Hazel se leva et tira sa spatha de son fourreau.
Frank arma son arc et visa, mais le griffon poussa un hurlement si fort que son écho se répercuta dans les montagnes. Troublé, Frank manqua sa cible.
— Je crois qu’il appelle des renforts, dit Percy. Filons.
Ils coururent vers le port, sans véritable plan. Le griffon se lança à leurs trousses. Percy lui jeta un coup d’épée, mais le griffon esquiva et s’éloigna.
Ils descendirent les marches du premier embarcadère et coururent tout au bout. Le griffon piqua vers eux en dardant ses griffes meurtrières. Au moment où Hazel brandissait sa spatha, un rempart d’eau glacée gifla le monstre par le côté et l’envoya dans la baie. Il battit des ailes et poussa un cri rauque. Puis il parvint à se hisser sur l’embarcadère, où il s’ébroua comme un chien mouillé.
— Bien joué, Percy, dit Frank.
— Ouais. J’étais pas sûr que ça marche encore en Alaska. Mais la mauvaise nouvelle c’est que… regardez.
À environ huit cents mètres, un nuage noir tourbillonnait au-dessus des montagnes – c’était une immense bande de griffons, qui affluaient par dizaines. Il était hors de question d’en affronter un aussi grand nombre, et impossible de leur échapper assez vite en bateau.

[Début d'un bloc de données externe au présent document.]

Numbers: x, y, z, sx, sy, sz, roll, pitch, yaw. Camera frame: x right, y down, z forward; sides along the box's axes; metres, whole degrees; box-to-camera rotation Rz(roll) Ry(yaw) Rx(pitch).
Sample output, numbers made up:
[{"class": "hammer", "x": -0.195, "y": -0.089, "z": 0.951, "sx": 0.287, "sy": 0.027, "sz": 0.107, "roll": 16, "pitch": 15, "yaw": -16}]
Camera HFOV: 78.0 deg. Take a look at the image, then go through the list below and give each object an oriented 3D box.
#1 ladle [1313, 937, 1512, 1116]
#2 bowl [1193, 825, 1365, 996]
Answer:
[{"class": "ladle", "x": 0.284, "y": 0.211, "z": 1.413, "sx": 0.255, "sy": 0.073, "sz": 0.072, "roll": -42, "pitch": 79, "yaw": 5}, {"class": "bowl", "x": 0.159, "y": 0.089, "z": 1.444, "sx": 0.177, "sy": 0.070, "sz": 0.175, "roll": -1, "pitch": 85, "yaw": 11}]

Frank encocha une nouvelle flèche.
— Je ne vais pas me laisser tuer comme ça ! dit-il.
— Bien d’accord, acquiesça Percy en levant Turbulence.

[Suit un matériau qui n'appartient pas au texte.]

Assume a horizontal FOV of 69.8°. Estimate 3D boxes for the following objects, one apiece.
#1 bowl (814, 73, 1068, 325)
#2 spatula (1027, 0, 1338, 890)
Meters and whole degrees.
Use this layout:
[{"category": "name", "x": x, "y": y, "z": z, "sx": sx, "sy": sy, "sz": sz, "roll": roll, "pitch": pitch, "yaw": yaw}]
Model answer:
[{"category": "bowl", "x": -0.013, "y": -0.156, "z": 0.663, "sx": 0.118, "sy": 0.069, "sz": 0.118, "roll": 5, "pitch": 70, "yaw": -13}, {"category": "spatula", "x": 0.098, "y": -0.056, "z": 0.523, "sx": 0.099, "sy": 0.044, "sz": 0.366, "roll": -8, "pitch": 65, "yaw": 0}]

Alors Hazel entendit un bruit lointain – comme un hennissement. Encore un tour de son imagination, se dit-elle. Pourtant, avec l’énergie du désespoir, elle cria :
— Arion ! On est là !
Une forme fauve et floue survola la rue en flèche et rasa l’embarcadère. L’étalon se matérialisa juste derrière le griffon, abattit les sabots de devant et fit voler le monstre en poussière.
Hazel n’avait jamais été aussi heureuse de sa vie.
— Quel bon cheval ! Quel bon, bon cheval !
Frank recula et faillit tomber à l’eau.
— Comment… ? bafouilla-t-il.
— Il m’a suivie, expliqua Hazel, rayonnante. Parce que c’est le meilleur cheval… AU MONDE ! Maintenant, montez !
— Tous les trois ? demanda Percy. Tu crois qu’il peut ?
Arion poussa un hennissement indigné.
— Bon, bon, c’est pas la peine d’être grossier, dit Percy. Allons-y.
Ils montèrent tous les trois, Hazel en tête, Percy et Frank en équilibre précaire derrière elle. Frank passa les bras autour de sa taille et Hazel songea que s’il fallait que ce soit sa dernière journée sur terre, ce ne serait pas une mauvaise façon de partir.
— Fonce, Arion ! s’écria-t-elle. Au glacier Hubbard !
L’étalon s’élança au ras des flots ; ses sabots, effleurant l’écume, soulevaient un sillage de vapeur.